Why have you quoted the property names?

>Each triple corresponds to a single arc in the graph, complete with 
>the arc's beginning and ending nodes (the subject and object of the 
>statement).  Unlike the graph notation, the triple notation requires 
>that a node be separately identified for each statement it appears 
>in.  So, for example, http://www.foobar.org/index.html appears three 
>times (once in each triple) in the triple representation of the 
>graph, but only once in the actual graph. 
>
>In each of the statements we've considered so far, the object has 
>been something identified by a simple string value,

No, its been identified *as being the string*, in the way you have 
presented it. (Or maybe that is what you mean by being identified by 
a simple string value??)

>  like "John Smith".  In RDF, the objects in statements may be 
>identified by any type of literal value.  More importantly, the 
>objects in RDF statements may also be other Web resources, 
>identified by their URLs.

I'm now (genuinely) confused about what you mean by 'object'. Does 
that refer to part of a triple (which is also a label in a graph), or 
to what that syntactic object represents or identifies? Is the object 
Mr.
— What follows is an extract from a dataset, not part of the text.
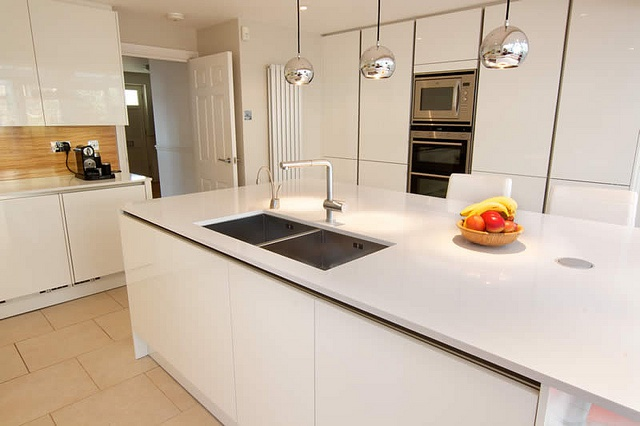Describe the objects in this image and their specific colors. I can see sink in tan, black, and gray tones, oven in tan, black, and gray tones, microwave in tan, gray, maroon, and black tones, chair in lightgray and tan tones, and chair in tan, lightgray, and black tones in this image.

Smith, or the string "John Smith"? (And, by the way, which of 
these is a Web resource?) If "John Smith" is a literal, what is a 
'literal value'? (Is John Smith the literal value of the string "John 
Smith" ? If so, how can a literal *value* - as opposed to a literal - 
be said to identify anything?)

>  This allows us to represent not only the characteristics (or 
>properties) of individual resources, but also relationships between 
>those resources and others.  So, for example, we could represent the 
>fact that the resource http://www.barbaz.org/myprojects.html has the 
>same creator as the resource http://www.foobar.org/index.html, by 
>the statement
>
>http://www.foobar.org/index.html  "sameCreatorAs" 
>http://www.barbaz.org/myprojects.html
>
>And we could represent the fact that 
>http://www.foobar.org/index.html links to http://www.w3.org/ by the 
>statement
>
>http://www.foobar.org/index.html    "linksTo"   http://www.w3.org/

Wow, that's a very exotic example. This seems to be about the uriref 
itself (??) rather than about what it refers to. (?? Or do you mean 
that the URI " http://www.foobar.org/index.html" refers to a web page 
which linksTo the webpage http://www.w3.org/ ? That does make sense, 
but its not the same kind of usage that occurs in most of the other 
examples, is it?

>
>Adding these two additional statements to the original ones would 
>give us the graph shown below:
>
>
>This graph illustrates another aspect of the RDF graph notation: 
>nodes that represent resources are shown as ellipses, while nodes 
>that represent literal values are shown as boxes.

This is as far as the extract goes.